7. The intelligent monitoring system for infusion process based on precise infusion monitoring data as described in claim 1, characterized in that: The early warning and decision-making module is used to: after the active perturbation control module outputs the control sequence, acquire accurate infusion monitoring data in the sliding window before and after the control sequence takes effect, construct a first feature set corresponding to the sliding window before the action and a second feature set corresponding to the sliding window after the action, and determine the response fingerprint based on the differential features of the first feature set and the second feature set. The response fingerprint is used to update the confidence level and form the anomaly determination result. The anomaly determination result is used at least to distinguish different anomaly types or to confirm whether an anomaly is valid.
8. The intelligent monitoring system for infusion process based on precise infusion monitoring data as described in claim 7, characterized in that: The differential features include at least one or a combination of the following: variation amplitude differential, variation trend differential, response delay differential, recovery rate differential, and cross-channel consistency differential. The differential features are mapped as response fingerprints characterizing the response mode of the infusion process under perturbation, for use in the generation and recording of the confidence update and anomaly determination results.

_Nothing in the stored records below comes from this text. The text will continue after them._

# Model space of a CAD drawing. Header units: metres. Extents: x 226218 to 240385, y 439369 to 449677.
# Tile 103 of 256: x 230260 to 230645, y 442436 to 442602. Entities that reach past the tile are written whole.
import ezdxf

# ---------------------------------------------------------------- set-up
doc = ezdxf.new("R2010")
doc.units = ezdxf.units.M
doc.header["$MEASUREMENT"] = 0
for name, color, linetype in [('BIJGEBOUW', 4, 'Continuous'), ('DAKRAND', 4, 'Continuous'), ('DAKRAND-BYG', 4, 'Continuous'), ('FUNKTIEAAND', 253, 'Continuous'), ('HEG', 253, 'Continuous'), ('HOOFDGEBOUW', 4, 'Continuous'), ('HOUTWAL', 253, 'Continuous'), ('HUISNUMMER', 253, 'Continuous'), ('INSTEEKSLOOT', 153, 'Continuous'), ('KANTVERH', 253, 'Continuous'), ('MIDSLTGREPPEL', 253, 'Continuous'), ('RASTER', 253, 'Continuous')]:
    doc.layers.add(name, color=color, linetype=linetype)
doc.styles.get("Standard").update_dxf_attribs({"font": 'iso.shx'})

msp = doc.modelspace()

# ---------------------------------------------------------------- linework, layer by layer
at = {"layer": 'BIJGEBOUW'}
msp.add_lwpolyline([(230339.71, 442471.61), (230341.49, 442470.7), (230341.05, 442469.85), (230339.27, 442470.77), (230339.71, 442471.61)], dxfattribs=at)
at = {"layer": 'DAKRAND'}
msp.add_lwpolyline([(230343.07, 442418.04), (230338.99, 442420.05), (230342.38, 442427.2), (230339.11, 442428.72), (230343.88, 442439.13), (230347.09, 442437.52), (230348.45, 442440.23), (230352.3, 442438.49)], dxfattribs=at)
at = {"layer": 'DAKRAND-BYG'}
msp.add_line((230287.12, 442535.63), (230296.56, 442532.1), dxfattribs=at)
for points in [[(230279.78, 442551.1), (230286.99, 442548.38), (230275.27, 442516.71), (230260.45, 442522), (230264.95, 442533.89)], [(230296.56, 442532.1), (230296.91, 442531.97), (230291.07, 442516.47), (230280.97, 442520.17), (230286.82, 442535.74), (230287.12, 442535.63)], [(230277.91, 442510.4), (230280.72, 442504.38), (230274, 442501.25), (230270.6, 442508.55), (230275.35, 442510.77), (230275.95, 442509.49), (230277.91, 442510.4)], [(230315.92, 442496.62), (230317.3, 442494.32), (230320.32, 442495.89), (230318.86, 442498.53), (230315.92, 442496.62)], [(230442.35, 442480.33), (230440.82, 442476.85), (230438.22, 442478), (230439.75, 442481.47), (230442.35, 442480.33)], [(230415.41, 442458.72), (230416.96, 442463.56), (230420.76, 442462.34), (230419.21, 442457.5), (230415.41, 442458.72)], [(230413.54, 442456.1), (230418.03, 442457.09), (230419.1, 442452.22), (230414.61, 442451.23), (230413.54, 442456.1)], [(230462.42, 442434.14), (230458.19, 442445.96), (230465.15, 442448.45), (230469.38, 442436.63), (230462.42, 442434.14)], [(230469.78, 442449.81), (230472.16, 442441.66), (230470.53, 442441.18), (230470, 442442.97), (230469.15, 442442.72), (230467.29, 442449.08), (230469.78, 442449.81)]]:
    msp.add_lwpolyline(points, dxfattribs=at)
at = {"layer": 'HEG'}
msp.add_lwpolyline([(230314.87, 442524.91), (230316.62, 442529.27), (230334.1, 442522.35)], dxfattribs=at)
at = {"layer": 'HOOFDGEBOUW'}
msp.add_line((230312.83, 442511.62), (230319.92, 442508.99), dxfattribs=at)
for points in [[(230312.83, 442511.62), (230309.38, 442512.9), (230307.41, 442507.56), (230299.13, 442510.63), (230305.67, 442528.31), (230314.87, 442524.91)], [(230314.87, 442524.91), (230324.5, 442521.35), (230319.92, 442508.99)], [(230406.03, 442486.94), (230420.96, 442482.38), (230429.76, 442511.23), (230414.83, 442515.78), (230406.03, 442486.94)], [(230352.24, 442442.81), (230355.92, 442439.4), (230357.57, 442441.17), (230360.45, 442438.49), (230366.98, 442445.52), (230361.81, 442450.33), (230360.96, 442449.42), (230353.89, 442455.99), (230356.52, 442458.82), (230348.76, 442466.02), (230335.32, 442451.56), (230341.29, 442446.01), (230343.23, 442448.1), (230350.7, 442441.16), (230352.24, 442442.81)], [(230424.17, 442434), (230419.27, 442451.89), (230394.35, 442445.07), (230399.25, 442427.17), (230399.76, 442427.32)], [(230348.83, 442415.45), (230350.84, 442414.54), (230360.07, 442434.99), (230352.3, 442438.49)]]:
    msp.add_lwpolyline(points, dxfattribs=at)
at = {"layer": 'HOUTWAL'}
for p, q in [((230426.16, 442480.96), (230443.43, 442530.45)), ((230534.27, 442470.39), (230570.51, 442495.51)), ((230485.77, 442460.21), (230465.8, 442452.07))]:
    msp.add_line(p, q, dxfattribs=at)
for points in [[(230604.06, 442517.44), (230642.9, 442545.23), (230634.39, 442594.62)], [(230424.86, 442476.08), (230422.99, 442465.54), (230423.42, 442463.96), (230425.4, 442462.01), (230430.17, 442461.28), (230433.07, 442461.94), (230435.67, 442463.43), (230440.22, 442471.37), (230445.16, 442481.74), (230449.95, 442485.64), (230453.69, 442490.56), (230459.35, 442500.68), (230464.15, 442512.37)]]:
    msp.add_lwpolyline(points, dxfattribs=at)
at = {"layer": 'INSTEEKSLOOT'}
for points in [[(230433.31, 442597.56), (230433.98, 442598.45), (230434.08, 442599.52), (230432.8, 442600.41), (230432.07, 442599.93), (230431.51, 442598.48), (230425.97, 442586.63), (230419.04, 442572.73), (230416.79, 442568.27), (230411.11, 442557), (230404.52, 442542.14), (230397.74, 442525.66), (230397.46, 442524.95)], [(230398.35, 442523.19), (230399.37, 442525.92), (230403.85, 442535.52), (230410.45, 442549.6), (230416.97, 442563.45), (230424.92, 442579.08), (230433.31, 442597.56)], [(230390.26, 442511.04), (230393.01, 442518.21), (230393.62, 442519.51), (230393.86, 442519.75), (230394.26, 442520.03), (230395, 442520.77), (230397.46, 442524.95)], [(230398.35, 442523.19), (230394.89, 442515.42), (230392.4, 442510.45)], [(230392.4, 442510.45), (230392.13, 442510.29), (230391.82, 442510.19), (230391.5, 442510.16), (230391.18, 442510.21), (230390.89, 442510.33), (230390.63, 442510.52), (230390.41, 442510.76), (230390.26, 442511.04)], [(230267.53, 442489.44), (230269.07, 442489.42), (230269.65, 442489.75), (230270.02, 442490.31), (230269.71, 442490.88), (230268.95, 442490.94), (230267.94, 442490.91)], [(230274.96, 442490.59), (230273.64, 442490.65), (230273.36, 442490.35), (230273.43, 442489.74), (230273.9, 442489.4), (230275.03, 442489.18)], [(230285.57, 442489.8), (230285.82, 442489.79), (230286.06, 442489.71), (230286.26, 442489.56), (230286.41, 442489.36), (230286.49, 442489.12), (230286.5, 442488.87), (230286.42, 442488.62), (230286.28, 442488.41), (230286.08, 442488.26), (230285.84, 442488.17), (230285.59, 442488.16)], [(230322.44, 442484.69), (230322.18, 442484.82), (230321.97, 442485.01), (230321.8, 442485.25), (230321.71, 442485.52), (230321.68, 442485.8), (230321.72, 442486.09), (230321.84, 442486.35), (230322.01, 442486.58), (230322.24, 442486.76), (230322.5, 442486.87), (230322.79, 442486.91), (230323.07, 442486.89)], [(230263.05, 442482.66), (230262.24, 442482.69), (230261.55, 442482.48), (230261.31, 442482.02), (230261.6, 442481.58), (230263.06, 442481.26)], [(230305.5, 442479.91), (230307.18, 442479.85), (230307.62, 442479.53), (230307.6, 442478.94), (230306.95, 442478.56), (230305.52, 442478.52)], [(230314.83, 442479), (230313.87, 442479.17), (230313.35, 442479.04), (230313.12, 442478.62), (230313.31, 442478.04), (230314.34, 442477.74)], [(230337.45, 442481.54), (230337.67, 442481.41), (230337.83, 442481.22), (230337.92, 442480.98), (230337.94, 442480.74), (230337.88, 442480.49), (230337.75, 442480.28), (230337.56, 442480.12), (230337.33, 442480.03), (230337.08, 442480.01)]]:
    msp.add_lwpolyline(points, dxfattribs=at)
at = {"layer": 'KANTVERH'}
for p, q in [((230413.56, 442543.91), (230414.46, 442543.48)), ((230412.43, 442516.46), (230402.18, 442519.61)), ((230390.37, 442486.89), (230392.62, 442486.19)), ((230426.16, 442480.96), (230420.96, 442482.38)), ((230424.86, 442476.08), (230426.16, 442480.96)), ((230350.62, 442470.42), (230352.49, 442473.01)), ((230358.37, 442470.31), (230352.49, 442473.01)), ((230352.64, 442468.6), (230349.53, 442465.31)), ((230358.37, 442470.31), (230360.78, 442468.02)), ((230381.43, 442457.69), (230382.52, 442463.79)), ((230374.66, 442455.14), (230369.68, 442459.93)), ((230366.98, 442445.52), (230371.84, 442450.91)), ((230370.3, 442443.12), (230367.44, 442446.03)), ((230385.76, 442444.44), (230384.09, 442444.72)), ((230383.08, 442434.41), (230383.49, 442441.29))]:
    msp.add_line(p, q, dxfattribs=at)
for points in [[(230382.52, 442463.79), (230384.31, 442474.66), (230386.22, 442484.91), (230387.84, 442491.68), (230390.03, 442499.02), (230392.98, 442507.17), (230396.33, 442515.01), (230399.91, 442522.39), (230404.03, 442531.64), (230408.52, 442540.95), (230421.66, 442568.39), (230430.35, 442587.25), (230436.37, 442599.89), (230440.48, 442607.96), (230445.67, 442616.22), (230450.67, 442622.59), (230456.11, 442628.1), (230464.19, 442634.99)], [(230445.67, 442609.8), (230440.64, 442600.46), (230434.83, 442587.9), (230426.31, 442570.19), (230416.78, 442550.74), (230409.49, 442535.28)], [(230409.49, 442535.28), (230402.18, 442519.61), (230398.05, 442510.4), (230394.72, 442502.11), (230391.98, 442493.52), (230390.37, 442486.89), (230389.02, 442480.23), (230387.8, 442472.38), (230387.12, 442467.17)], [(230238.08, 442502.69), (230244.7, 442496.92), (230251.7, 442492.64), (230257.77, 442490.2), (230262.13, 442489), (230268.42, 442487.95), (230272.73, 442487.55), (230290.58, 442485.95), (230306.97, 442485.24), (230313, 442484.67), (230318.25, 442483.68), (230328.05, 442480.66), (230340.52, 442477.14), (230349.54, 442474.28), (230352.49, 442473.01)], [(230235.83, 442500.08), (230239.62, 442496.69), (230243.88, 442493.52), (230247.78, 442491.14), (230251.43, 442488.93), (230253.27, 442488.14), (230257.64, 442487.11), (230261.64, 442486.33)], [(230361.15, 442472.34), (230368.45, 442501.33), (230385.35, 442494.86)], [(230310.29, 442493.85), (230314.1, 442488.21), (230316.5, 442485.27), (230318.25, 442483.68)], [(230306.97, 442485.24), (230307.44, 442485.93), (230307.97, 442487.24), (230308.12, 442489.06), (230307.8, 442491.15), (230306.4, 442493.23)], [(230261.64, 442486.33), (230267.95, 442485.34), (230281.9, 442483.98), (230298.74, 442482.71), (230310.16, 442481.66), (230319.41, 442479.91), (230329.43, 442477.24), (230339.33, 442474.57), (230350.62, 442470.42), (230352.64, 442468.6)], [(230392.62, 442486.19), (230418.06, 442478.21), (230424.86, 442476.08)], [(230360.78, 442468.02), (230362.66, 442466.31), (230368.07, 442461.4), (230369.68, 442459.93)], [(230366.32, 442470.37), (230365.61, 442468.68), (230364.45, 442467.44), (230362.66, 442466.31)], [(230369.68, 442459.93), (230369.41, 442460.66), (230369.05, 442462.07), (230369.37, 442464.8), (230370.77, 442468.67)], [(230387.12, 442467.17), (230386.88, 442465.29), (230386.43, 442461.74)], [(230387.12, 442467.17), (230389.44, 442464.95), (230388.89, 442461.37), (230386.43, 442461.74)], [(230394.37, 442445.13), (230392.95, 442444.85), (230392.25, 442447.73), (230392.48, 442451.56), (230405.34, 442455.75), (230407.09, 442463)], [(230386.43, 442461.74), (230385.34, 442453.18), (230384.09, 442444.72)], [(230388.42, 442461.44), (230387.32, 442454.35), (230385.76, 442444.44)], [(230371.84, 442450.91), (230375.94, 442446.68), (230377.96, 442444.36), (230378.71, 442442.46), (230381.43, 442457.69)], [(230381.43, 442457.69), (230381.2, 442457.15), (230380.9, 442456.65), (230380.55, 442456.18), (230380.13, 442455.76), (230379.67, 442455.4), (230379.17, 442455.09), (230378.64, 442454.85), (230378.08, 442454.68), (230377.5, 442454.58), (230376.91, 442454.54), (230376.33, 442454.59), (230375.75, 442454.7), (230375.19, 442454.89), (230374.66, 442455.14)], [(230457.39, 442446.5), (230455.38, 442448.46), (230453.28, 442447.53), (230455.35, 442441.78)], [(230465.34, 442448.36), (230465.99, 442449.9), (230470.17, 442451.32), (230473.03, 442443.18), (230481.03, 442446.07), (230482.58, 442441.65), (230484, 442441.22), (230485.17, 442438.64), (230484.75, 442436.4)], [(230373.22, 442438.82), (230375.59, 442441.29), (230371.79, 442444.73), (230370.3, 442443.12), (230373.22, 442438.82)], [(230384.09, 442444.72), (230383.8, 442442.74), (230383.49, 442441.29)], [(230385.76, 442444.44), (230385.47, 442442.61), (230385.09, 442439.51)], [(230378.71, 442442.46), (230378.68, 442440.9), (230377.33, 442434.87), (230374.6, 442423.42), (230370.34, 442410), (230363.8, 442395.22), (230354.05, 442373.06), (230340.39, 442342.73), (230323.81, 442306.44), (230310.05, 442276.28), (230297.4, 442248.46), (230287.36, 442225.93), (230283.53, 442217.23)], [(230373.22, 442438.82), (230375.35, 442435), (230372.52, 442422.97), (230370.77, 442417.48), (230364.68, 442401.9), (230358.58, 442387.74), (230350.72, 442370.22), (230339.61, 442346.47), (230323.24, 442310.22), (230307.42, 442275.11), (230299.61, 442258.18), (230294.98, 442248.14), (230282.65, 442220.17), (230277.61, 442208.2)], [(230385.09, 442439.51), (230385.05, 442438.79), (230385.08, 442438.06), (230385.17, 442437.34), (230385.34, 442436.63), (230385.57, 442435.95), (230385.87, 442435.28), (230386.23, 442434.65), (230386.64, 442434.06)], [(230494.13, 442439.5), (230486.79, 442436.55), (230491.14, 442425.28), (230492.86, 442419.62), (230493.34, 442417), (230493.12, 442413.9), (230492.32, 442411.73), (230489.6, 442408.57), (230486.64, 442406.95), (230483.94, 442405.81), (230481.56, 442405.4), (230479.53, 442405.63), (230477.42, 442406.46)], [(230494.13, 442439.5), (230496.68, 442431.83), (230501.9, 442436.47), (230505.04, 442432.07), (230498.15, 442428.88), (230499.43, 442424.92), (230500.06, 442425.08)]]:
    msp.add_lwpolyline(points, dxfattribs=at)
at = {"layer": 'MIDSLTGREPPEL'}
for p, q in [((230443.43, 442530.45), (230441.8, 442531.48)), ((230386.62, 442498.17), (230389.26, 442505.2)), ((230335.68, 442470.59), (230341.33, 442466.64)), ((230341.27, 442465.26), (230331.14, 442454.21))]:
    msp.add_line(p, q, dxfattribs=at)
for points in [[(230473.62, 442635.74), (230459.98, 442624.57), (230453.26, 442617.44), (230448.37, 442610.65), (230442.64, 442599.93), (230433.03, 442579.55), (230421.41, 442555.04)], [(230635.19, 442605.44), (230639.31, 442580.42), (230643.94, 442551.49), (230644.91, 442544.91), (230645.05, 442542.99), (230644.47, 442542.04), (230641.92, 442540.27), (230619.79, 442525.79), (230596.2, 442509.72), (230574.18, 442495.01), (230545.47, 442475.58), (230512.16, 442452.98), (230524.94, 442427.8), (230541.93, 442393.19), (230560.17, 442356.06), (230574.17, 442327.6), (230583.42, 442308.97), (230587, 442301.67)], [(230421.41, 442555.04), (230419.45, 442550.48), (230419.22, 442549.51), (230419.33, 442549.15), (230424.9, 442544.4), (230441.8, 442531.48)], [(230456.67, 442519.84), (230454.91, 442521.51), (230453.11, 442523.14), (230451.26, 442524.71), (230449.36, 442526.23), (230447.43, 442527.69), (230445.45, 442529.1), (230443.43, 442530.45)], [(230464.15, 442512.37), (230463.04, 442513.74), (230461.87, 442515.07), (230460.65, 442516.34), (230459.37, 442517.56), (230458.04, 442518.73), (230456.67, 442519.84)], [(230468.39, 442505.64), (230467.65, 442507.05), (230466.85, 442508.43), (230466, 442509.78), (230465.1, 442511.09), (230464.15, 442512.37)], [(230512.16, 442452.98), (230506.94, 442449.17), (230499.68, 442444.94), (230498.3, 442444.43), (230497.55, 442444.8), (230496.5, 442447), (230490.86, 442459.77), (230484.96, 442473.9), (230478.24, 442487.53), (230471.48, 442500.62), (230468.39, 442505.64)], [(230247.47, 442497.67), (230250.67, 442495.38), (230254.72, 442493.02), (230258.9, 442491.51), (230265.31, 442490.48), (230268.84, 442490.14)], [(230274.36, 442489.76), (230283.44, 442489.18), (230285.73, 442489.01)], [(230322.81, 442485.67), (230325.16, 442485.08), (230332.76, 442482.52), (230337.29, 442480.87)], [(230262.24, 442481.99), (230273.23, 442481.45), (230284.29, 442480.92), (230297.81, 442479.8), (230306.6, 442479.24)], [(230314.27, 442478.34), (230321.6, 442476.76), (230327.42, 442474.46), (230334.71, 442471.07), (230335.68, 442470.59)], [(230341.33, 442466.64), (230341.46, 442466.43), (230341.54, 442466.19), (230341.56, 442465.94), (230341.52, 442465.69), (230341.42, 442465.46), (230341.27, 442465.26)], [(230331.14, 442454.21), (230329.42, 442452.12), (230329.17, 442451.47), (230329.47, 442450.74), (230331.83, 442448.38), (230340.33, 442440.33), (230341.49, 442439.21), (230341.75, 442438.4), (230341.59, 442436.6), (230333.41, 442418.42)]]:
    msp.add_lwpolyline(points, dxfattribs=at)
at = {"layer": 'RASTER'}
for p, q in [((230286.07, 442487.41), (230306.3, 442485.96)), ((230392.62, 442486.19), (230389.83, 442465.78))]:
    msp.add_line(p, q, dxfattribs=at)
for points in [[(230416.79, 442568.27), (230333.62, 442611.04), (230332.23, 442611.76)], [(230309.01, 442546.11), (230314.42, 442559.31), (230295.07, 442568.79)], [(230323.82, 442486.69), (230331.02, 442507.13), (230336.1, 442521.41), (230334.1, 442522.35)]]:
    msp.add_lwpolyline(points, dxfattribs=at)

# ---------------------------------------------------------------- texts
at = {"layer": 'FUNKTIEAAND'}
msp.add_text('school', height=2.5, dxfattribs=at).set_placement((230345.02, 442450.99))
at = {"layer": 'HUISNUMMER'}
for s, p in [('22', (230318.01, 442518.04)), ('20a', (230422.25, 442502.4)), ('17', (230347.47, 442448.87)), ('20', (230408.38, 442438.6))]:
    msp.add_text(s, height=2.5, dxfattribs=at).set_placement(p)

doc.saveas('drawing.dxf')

9. The intelligent monitoring system for infusion process based on precise infusion monitoring data as described in claim 1, characterized in that: The early warning and decision-making module is used to determine the risk classification information based on one or more of historical time series information, medication plan information, and abnormal event context information, and output the treatment strategy information. The risk grading information is used to indicate the risk level or priority of the abnormal event. The handling strategy information includes at least one or more of the following: early warning push information, speed adjustment information, pause information, and manual confirmation mark information. The handling strategy information can be used to drive the infusion regulation actuator and / or provide interactive operation for remote terminals.
10. The intelligent monitoring system for infusion process based on precise infusion monitoring data as described in claim 1, characterized in that, The early warning and decision-making module is used to generate event packages for abnormal events that meet preset conditions and store or report them. The event package includes at least one or more of the following: raw or digested time-series data, parameter digests of the control sequence, response fingerprints, confidence information, and handling strategy information; Furthermore, the system is also used to obtain reference information of image or video data associated with the abnormal event when the abnormal event meets preset conditions, and to associate the reference information with the event package for use in quality control analysis and model update processes.